[Ray Dataset] Shifting data/Lag features

How severe does this issue affect your experience of using Ray?

  • High: It blocks me to complete my task.

Hi all!

I am trying to understand how to create feature lags on my dataframe which is usually done with groupby + shift (e.g. group by customer id and shift so that you build features about what the customer bought one period ago, 2 periods, etc…)

Any way this can be done in Ray Dataset? I don’t see shift in the groupby methods, and this does not look like it could be done with map or map_batches? (as shift would need to access the first/last item from a different batch).

Any way to shift data on Ray Dataset? Or am I forced to convert to Dask (and make a copy of the data, if my understanding is correct?)

1 Like

Just discovered that Ray datasets has a map_groups function so now I’m assuming you can achieve this by grouping and mapping the groups to a pandas shift function. Will give it a try and report back.

1 Like

Hi @Andrea_Pisoni - thanks for question. Yes you can use map_groups to keep first and last item per group, and then do map_batches on grouped data. Let us know how it works. thanks. We don’t support shift natively now.

Hi Chengsu,

Thanks so much for the suggestion. Can you expand on what you mean?
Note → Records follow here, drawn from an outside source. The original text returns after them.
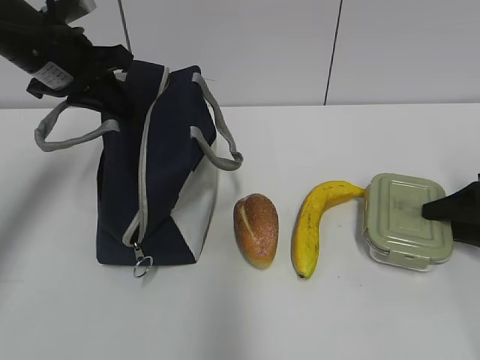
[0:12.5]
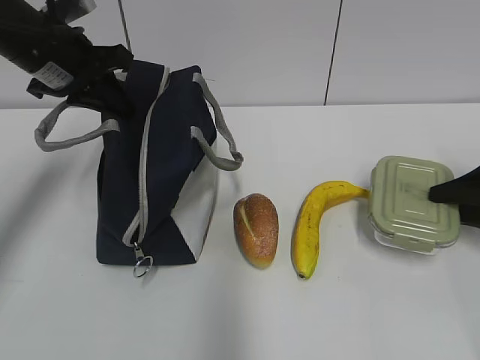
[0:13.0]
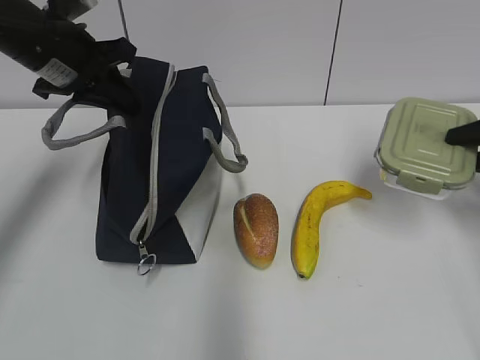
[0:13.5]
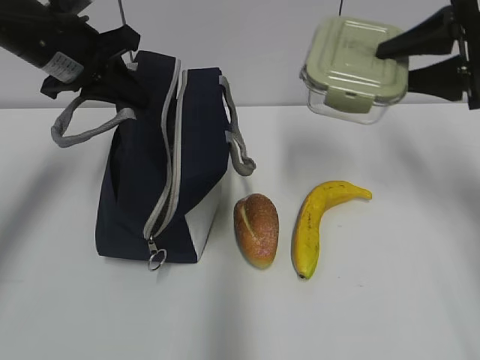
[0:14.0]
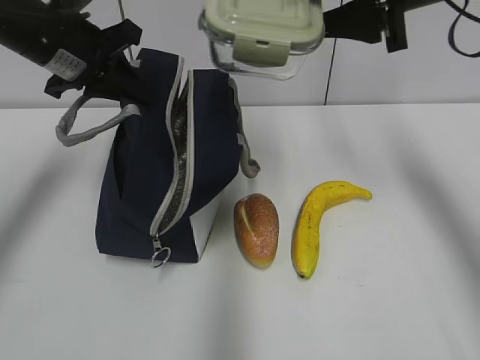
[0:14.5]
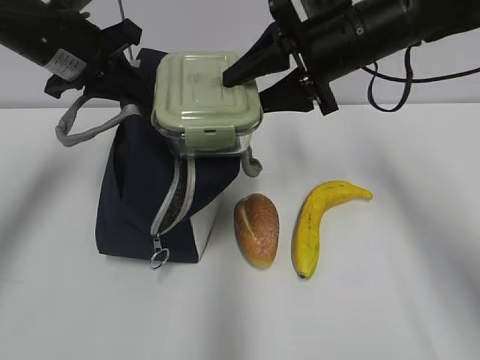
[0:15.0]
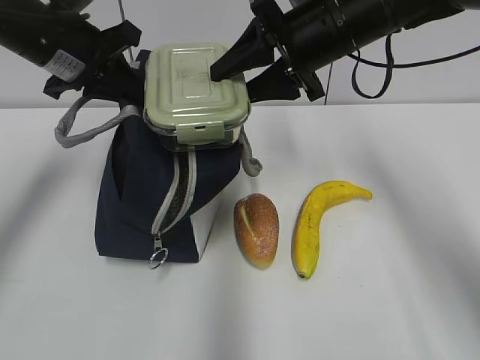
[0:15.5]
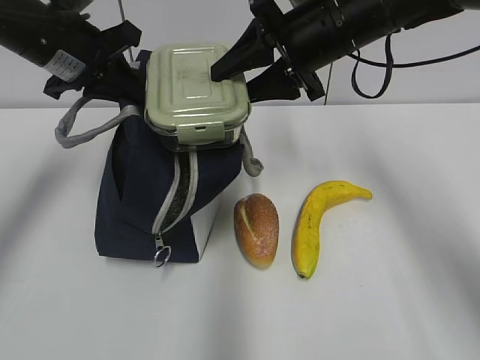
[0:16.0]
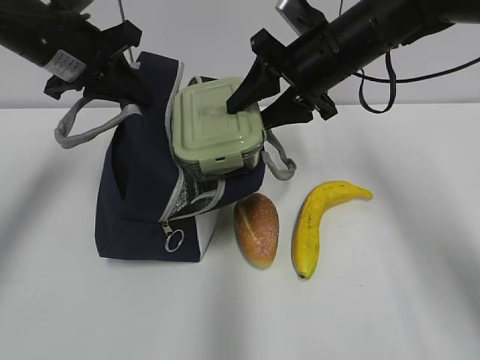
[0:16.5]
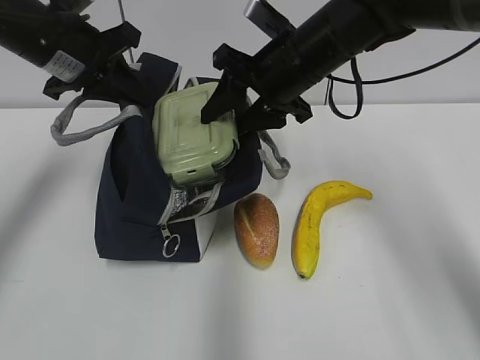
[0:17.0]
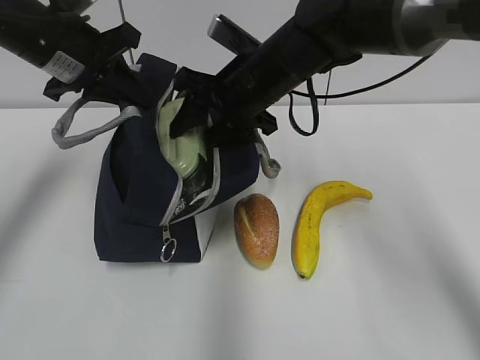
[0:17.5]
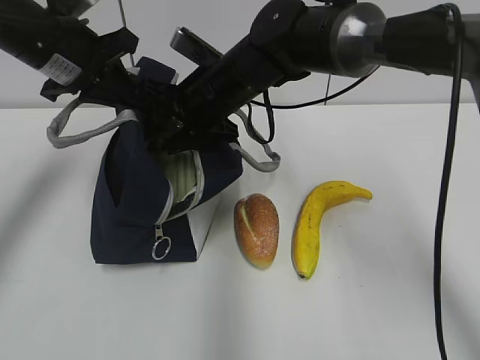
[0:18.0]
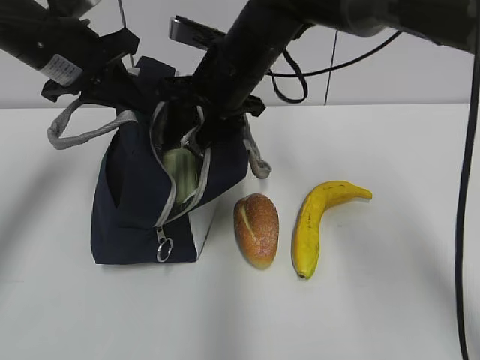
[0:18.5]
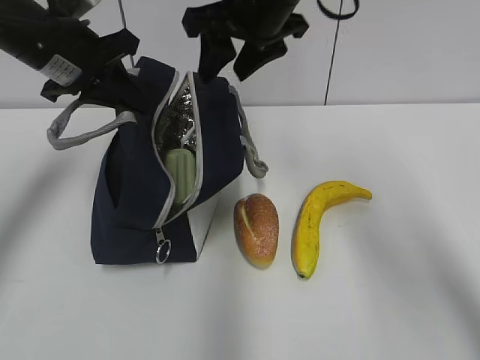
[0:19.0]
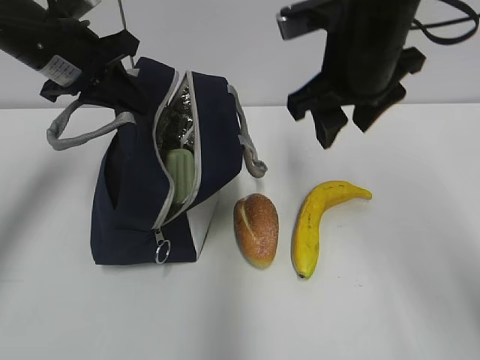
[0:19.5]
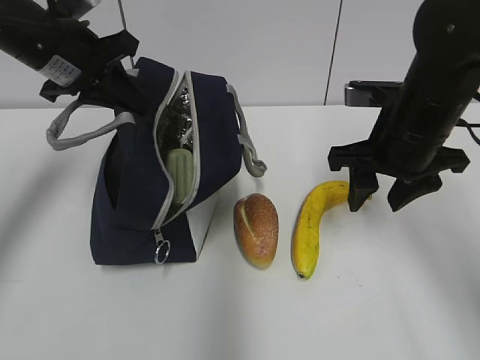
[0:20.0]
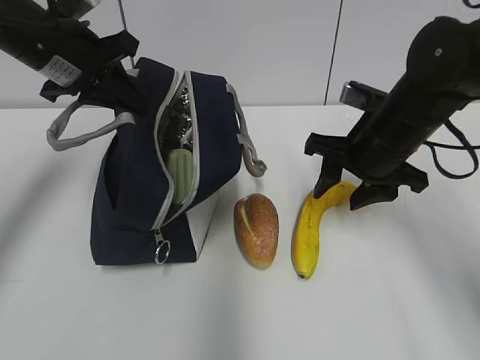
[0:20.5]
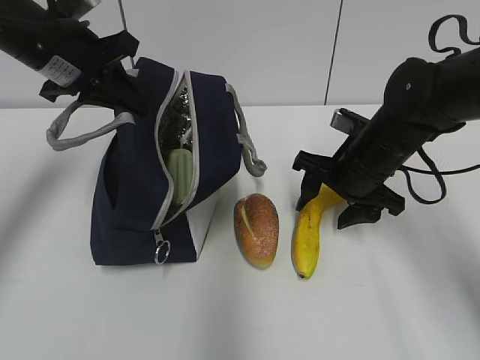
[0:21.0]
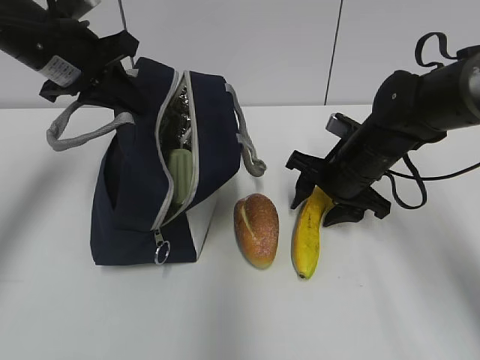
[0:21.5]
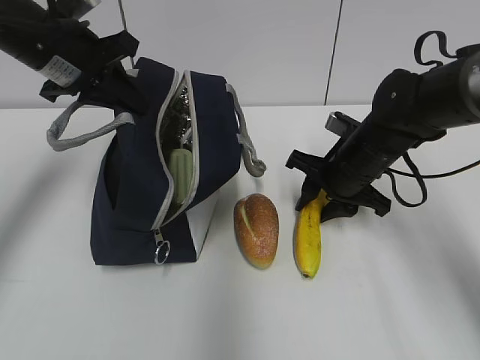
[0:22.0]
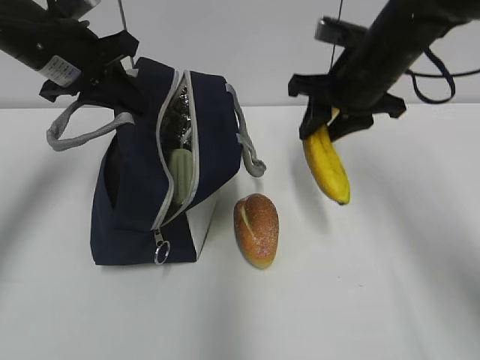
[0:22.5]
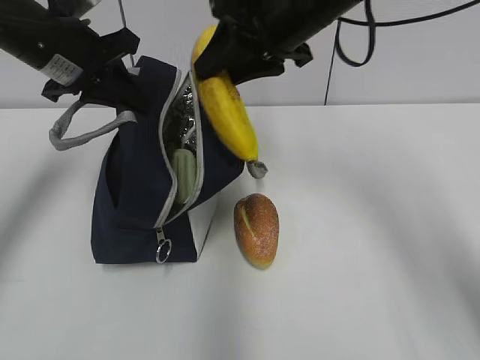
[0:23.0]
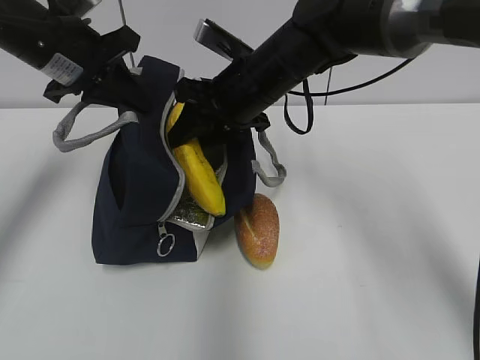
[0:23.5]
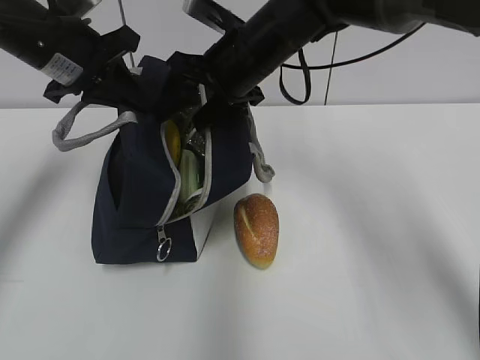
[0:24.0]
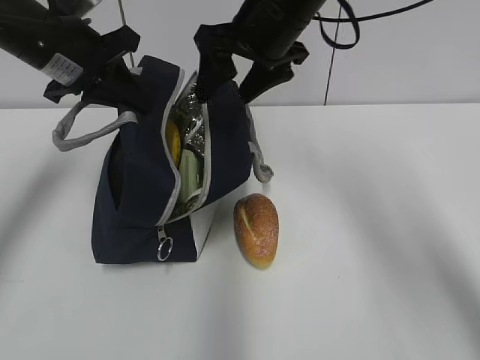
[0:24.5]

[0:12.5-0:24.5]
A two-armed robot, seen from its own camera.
Step, 16.5 to 18.5 s: Place it into the bag with your right hand.
Step, 19.0 to 21.5 s: Grab the banana with your right hand.
Step, 22.5 to 24.0 s: Place it into the bag with your right hand.
12.5 to 14.5 s: The right gripper shifts about 30 cm upward and to the left.
14.5 to 16.5 s: The right gripper moves downward, to the left and forward, roughly 10 cm.
16.5 to 18.5 s: The right gripper travels to the left by about 10 cm.
18.5 to 20.5 s: The right gripper travels to the right, backward and downward by approximately 15 cm.
20.5 to 22.5 s: The right gripper heads upward, covering some 5 cm.
22.5 to 24.5 s: The right gripper shifts some 10 cm to the left and upward, and opens up.

I thought I would use the pandas.shift function on map_groups directly. How would you use map_batches instead? Each batch is not guaranteed to be a group right? How will that work if a group for example is split across three batches?

Hi @Andrea_Pisoni - actually after thinking again, I think use map_groups with pandas.shift should work, I think you need to keep the previous group in memory, so for each group you know how to shift across the groups, right?